Dataset records
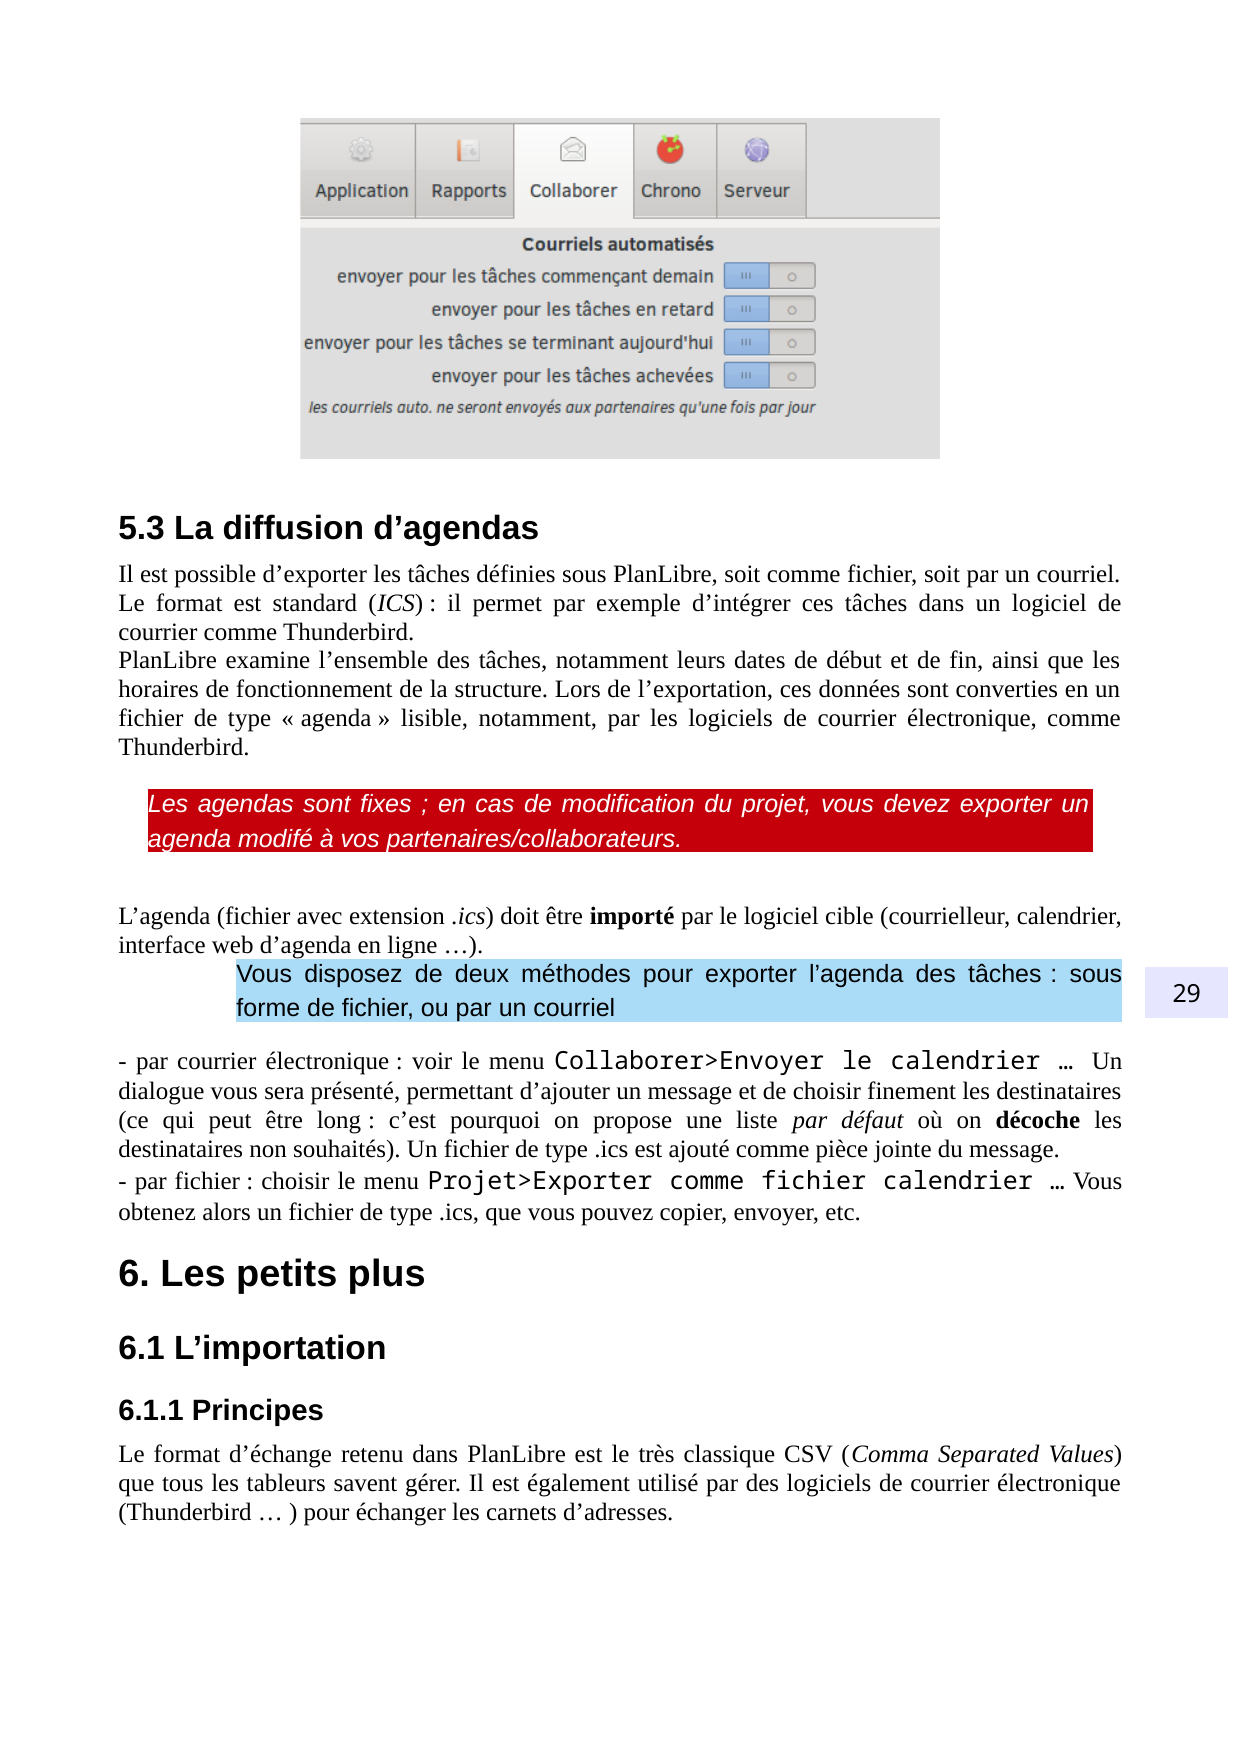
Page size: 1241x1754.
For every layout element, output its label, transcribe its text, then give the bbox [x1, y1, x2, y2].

text Il est possible d’exporter les tâches définies sous PlanLibre, soit comme fichier, soit par un courriel. Le format est standard (ICS) : il permet par exemple d’intégrer ces tâches dans un logiciel de courrier comme Thunderbird. [118, 559, 1122, 645]
text Le format d’échange retenu dans PlanLibre est le très classique CSV (Comma Separated Values) que tous les tableurs savent gérer. Il est également utilisé par des logiciels de courrier électronique (Thunderbird … ) pour échanger les carnets d’adresses. [118, 1439, 1122, 1526]
picture [300, 118, 940, 459]
subtitle 6.1.1 Principes [118, 1393, 1122, 1427]
subtitle 6.1 L’importation [118, 1327, 1122, 1366]
subtitle 6. Les petits plus [118, 1251, 1122, 1294]
text Vous disposez de deux méthodes pour exporter l’agenda des tâches : sous forme de fichier, ou par un courriel [236, 959, 1122, 1022]
text - par courrier électronique : voir le menu Collaborer>Envoyer le calendrier … Un dialogue vous sera présenté, permettant d’ajouter un message et de choisir finement les destinataires (ce qui peut être long : c’est pourquoi on propose une liste par défaut où on décoche les destinataires non souhaités). Un fichier de type .ics est ajouté comme pièce jointe du message. [118, 1042, 1122, 1163]
subtitle 5.3 La diffusion d’agendas [118, 508, 1122, 547]
text Les agendas sont fixes ; en cas de modification du projet, vous devez exporter un agenda modifé à vos partenaires/collaborateurs. [148, 789, 1093, 852]
text - par fichier : choisir le menu Projet>Exporter comme fichier calendrier … Vous obtenez alors un fichier de type .ics, que vous pouvez copier, envoyer, etc. [118, 1163, 1122, 1226]
text PlanLibre examine l’ensemble des tâches, notamment leurs dates de début et de fin, ainsi que les horaires de fonctionnement de la structure. Lors de l’exportation, ces données sont converties en un fichier de type « agenda » lisible, notamment, par les logiciels de courrier électronique, comme Thunderbird. [118, 645, 1122, 760]
text L’agenda (fichier avec extension .ics) doit être importé par le logiciel cible (courrielleur, calendrier, interface web d’agenda en ligne …). [118, 901, 1122, 959]
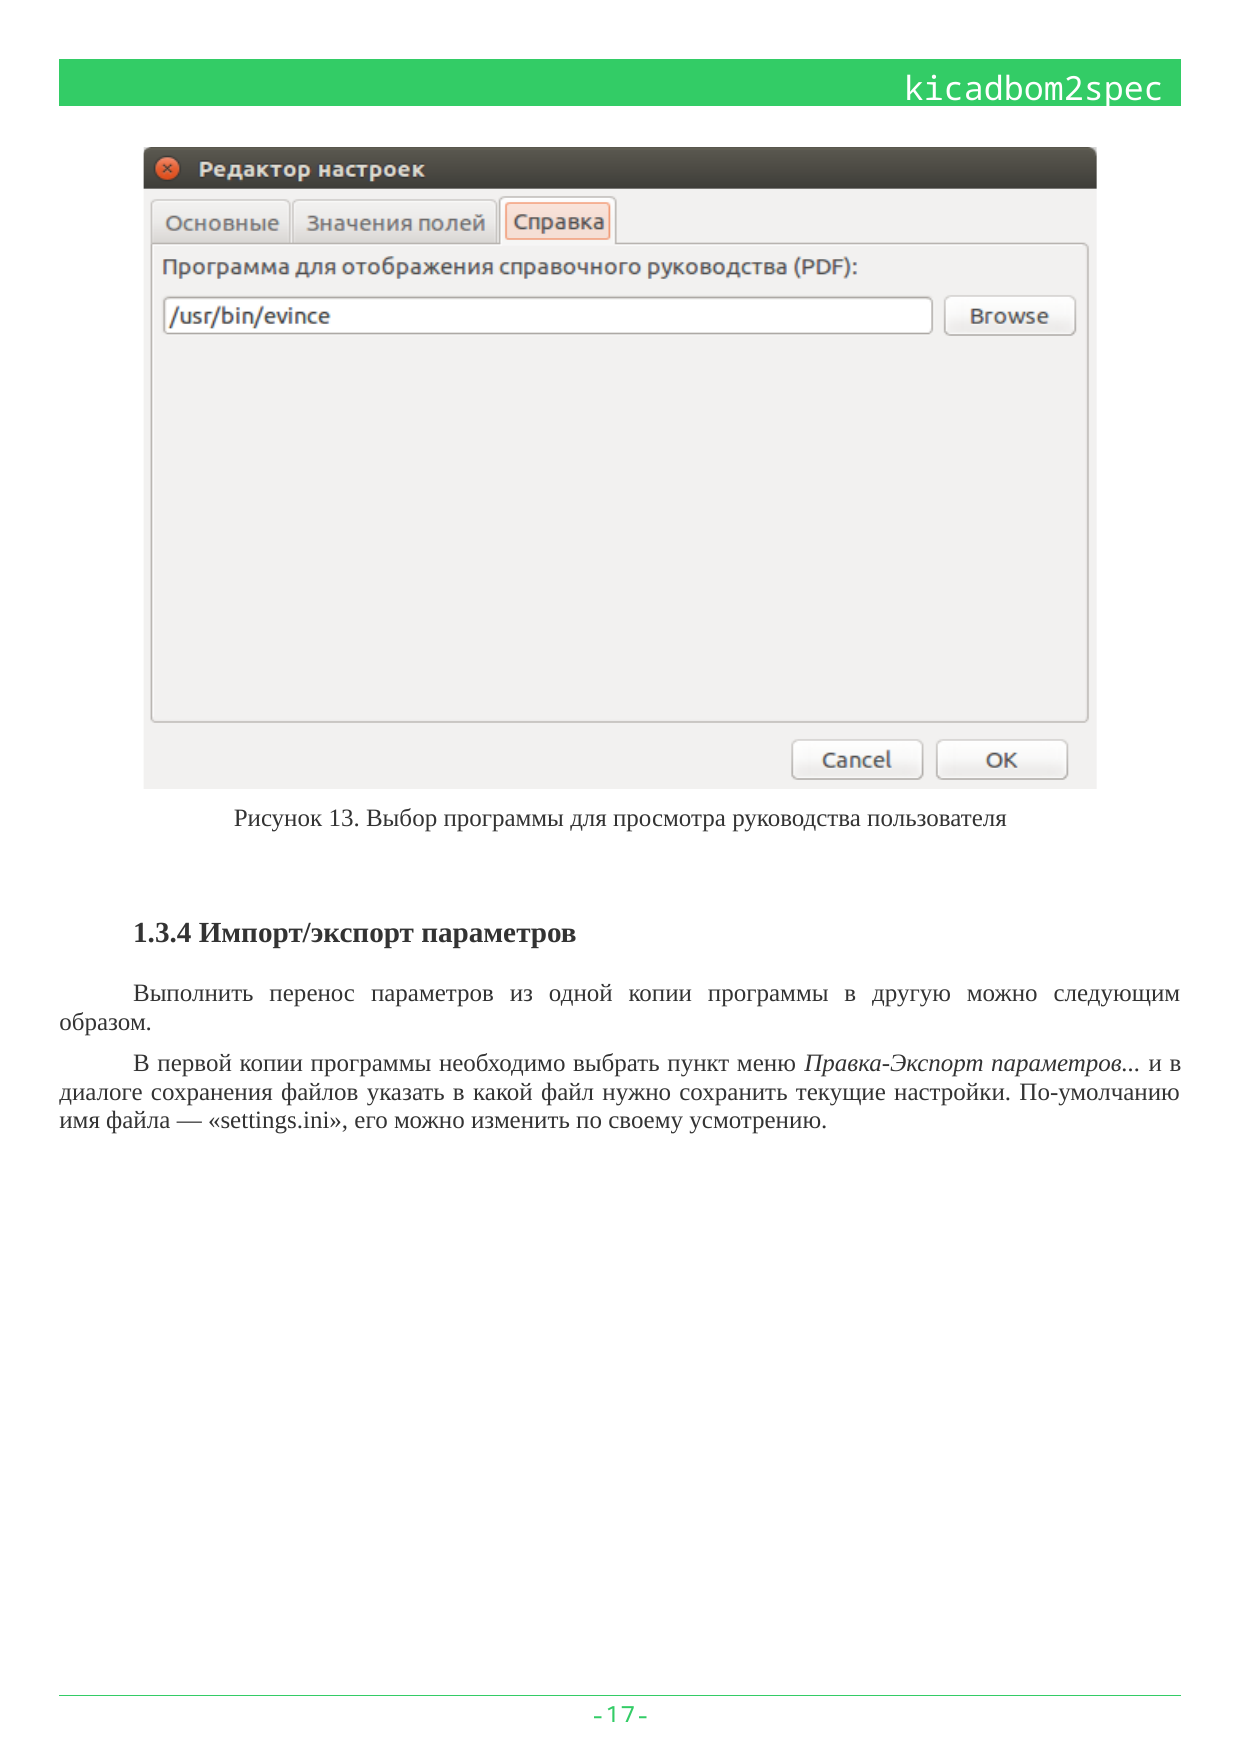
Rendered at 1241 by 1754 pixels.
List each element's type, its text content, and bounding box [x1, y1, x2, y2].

subtitle 1.3.4 Импорт/экспорт параметров [133, 915, 1181, 948]
text Выполнить перенос параметров из одной копии программы в другую можно следующим образом. [59, 978, 1181, 1035]
picture [143, 147, 1097, 789]
text В первой копии программы необходимо выбрать пункт меню Правка-Экспорт параметров... и в диалоге сохранения файлов указать в какой файл нужно сохранить текущие настройки. По-умолчанию имя файла — «settings.ini», его можно изменить по своему усмотрению. [59, 1048, 1181, 1134]
text Рисунок 13. Выбор программы для просмотра руководства пользователя [143, 789, 1097, 832]

TASK DIRECTIONS - The word to find is "sous". Copy every line of the records that holds it.

EXPECTED ANSWER -
text Il est possible d’exporter les tâches définies sous PlanLibre, soit comme fichier, soit par un courriel. Le format est standard (ICS) : il permet par exemple d’intégrer ces tâches dans un logiciel de courrier comme Thunderbird. [118, 559, 1122, 645]
text Vous disposez de deux méthodes pour exporter l’agenda des tâches : sous forme de fichier, ou par un courriel [236, 959, 1122, 1022]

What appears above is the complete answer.